Discover Paris’ first monument, the Panthéon
Another short walk east and you’ll be in the Place du Panthéon – the square that houses the monument Panthéon. The Panthéon is open to all to visit and you can book a reservation online in advance to secure your spot.
Built before the Eiffel Tower, the Panthéon is among Paris’s first most famous monuments, and indoors you’ll also find some of its most well-known citizens buried there. Most of them are notable men, unfortunately, including Victor Hugo, Voltaire, Rousseau, Jean Moulin, Louis Braille, Jean Jaurès, and even Soufflot, the architect of the Panthéon whose surname also serves as the main street name in front of it. Marie Curie was the first woman interred there in 1995 based on her achievements, rather than as the spouse of a notable man.
If you appreciate aesthetics, the Neoclassical decor inside and outside of the building will certainly impress, and for history buffs there is no shortage of interesting facts about the monument.
Day 3: Explore the hilltop village of Montmartre
By day three of your trip, you’ve already explored two influential Parisian neighborhoods, and you’re left to discover the scenic hilltop area of Montmartre. Street-style attire is highly recommended here; you’ll want to be comfortable as you trudge up the stairs and elevated streets throughout the neighborhood as you take in some of the city’s most architecturally pleasing sites.

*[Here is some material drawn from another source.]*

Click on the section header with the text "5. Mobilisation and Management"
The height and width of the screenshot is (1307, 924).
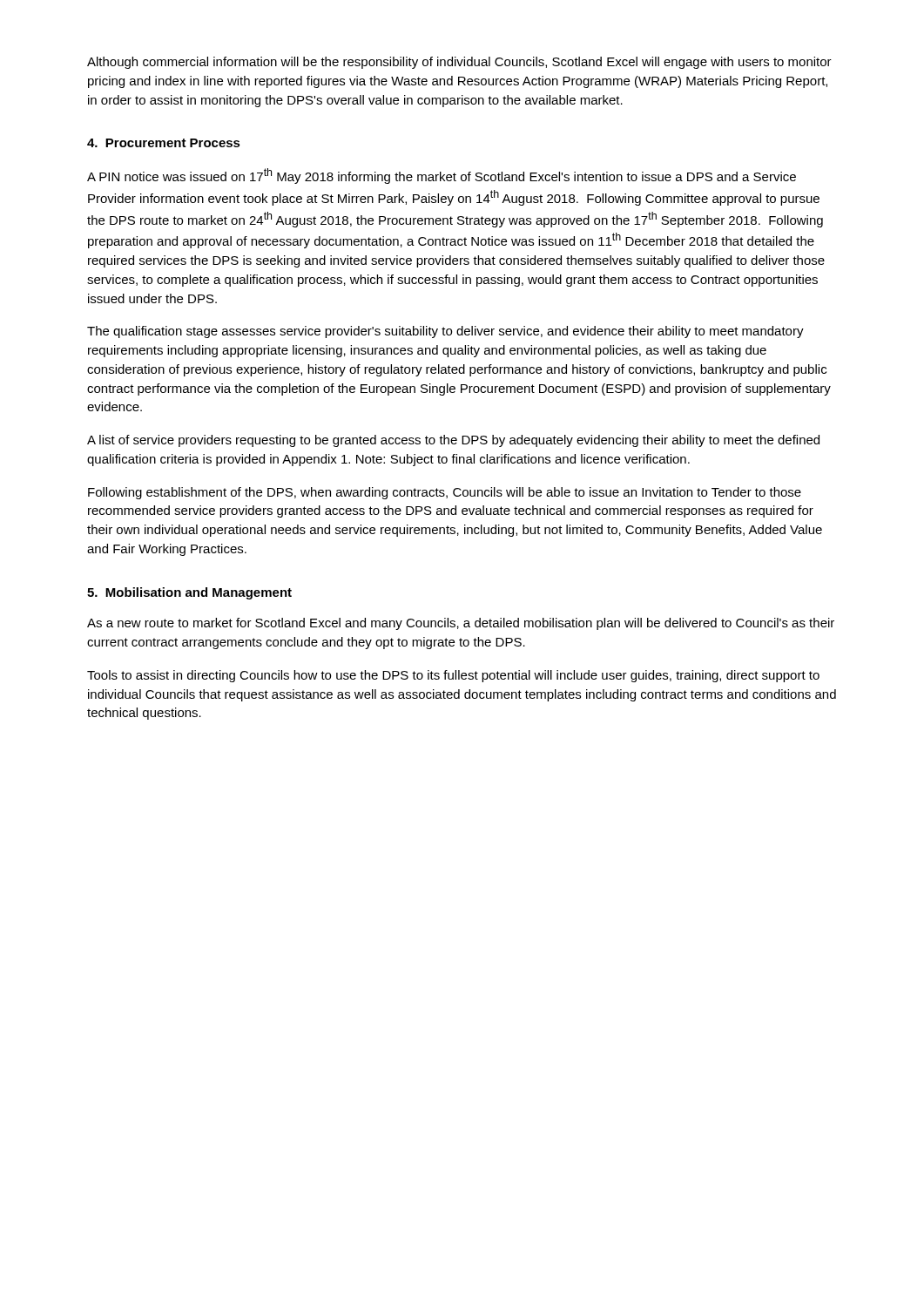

Learn the cancan at the Museum of Montmartre
This Montmartre museum is unique in that it tells the story of the area through the art found inside it. Mostly comprised of Montmartre’s rich dance and musical past, notable artists in the 1800s also lived in the building itself, and their artwork pays homage to their former home. Here you’ll learn more about the roots of the Moulin Rouge as well, and its role in the history of Paris. Not only a small Parisian museum, but it also houses gardens and a vineyard, so you’ll get your money’s worth of the ticket by imbibing in French wines while you cancan your way from space to space.
Appreciate the shapes of the Arc de Triomphe
Perfectly square and elegant, the Arc de Triomphe shouldn’t be skipped on your short trip to Paris. Surrounded by a circular road, be cautious taking a picture in front of the building, or you might disrupt traffic! The Arc is perhaps one of the most well-recognized symbols in all of France and was initially requested by Napoleon Bonaparte himself in honor of his armies, although it wasn’t finished until 1836. The Arc is stunning in its own right, but it’s also open to the public to visit the inside. You can go up to the rooftop to get yet another iconic view of the Eiffel Tower, as well as sweeping views of the entire city.
End your trip at Sunset on the Champs Elysées
Although you’re nearing the end of your three day trip to Paris at this point, keep your spirits high knowing you’re ending the journey with what’s referred to as the most beautiful avenue in the world, the Champs Elysées. Depending on how much time you have left in your day, you can treat yourself to an elegant dining experience on this avenue, shopping, see one last museum, or simply reflect and bid au revoir to your time in one of the most lovely cities in the world.
No matter your motivation for visiting Paris, this city has something to offer everyone. Within three days, you can experience French culture in its past and present, and look forward to planning a trip to visit again in the future.